> Problem to solve: Pick every line from the data that holds the word "Plane".

Extracted records:
..........

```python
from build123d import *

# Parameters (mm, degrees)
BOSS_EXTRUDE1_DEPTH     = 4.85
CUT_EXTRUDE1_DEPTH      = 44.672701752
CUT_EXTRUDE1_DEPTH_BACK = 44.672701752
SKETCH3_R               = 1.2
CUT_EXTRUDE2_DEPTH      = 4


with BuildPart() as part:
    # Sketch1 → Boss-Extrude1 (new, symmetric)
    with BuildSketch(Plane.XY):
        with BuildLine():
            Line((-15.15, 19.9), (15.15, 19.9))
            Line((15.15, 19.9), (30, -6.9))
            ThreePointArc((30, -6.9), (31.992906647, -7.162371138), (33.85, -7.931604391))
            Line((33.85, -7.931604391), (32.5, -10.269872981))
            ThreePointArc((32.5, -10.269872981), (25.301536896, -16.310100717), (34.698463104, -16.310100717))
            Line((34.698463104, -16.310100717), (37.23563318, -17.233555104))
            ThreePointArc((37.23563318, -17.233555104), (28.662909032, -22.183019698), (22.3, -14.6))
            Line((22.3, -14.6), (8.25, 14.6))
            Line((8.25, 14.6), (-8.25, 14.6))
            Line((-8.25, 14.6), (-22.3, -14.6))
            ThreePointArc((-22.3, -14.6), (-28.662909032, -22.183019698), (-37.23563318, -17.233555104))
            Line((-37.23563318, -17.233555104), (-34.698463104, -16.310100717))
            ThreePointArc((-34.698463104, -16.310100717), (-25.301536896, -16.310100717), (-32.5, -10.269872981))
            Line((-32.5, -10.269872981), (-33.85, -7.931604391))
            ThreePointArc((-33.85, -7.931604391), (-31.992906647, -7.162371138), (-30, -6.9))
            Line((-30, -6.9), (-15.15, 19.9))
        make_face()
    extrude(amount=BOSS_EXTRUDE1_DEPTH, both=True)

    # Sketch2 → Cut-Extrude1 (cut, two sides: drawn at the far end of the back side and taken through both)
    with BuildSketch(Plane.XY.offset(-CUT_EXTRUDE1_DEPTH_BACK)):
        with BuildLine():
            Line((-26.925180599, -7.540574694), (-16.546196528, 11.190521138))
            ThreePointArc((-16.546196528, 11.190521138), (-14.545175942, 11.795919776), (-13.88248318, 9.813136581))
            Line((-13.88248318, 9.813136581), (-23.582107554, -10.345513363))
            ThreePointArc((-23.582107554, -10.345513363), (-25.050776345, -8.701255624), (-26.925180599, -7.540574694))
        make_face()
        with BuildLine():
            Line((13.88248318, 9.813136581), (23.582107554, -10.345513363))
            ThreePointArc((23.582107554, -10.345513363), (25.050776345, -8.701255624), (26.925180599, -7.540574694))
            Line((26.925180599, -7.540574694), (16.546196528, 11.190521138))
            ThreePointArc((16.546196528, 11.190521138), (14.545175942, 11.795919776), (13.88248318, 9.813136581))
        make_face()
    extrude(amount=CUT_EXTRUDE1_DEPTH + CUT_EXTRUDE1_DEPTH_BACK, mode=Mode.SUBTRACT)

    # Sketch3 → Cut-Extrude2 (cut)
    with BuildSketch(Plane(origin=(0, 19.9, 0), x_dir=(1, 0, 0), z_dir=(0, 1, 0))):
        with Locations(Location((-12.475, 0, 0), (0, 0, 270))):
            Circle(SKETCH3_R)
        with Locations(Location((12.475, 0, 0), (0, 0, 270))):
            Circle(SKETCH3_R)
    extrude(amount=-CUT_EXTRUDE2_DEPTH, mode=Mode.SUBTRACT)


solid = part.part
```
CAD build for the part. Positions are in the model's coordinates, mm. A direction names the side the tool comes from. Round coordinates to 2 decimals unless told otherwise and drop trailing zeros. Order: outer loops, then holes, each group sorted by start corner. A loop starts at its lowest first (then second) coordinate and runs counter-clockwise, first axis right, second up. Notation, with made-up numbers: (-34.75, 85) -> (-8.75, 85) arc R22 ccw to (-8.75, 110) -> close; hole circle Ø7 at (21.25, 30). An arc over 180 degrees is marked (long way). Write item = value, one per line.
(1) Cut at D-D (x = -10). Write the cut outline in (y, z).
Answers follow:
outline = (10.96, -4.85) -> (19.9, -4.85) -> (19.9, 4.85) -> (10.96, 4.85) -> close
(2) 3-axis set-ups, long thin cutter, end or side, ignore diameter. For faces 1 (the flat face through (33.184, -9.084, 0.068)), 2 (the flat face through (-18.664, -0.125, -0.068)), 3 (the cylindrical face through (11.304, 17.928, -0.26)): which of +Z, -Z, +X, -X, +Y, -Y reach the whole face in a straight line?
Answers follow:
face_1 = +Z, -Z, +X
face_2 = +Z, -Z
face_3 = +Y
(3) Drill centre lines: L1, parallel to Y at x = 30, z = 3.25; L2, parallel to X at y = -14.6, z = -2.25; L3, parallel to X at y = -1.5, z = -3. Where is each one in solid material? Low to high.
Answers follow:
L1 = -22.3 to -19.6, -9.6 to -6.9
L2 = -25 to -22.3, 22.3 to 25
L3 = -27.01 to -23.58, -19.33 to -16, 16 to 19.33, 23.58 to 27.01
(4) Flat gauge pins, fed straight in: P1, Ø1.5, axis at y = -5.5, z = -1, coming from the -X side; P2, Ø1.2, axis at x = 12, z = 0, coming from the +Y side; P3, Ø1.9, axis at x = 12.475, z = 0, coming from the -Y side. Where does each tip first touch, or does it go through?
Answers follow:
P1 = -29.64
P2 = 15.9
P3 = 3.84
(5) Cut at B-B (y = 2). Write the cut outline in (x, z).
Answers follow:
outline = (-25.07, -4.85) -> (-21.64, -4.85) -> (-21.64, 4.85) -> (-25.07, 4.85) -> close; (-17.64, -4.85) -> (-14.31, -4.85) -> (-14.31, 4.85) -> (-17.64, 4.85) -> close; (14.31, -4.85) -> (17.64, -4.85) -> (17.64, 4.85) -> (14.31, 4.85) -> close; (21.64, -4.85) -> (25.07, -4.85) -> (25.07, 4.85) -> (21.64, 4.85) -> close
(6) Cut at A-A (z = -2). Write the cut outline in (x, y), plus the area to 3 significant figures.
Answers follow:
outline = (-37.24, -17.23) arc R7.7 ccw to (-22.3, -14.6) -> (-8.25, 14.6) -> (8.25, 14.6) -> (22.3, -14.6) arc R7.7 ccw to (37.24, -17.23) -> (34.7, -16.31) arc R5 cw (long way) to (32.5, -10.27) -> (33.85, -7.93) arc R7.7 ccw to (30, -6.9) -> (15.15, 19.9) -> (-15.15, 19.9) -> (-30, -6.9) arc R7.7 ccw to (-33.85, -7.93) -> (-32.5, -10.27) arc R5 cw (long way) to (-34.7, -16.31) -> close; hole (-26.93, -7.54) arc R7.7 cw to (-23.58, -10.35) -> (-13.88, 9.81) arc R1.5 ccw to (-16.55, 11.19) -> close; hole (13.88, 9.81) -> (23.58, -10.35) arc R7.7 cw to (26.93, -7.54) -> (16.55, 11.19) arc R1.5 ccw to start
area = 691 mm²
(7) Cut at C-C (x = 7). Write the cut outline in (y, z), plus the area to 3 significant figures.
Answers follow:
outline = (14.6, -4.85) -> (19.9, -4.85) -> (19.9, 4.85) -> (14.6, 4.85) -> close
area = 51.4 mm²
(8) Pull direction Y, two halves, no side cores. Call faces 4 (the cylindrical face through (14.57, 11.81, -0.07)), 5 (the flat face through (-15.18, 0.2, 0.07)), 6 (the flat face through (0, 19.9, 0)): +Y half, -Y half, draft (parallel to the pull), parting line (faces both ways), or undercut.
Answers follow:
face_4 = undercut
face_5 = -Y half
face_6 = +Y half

..........

> Solution for this exercise:
    with BuildSketch(Plane.XY):
    with BuildSketch(Plane.XY.offset(-CUT_EXTRUDE1_DEPTH_BACK)):
    with BuildSketch(Plane(origin=(0, 19.9, 0), x_dir=(1, 0, 0), z_dir=(0, 1, 0))):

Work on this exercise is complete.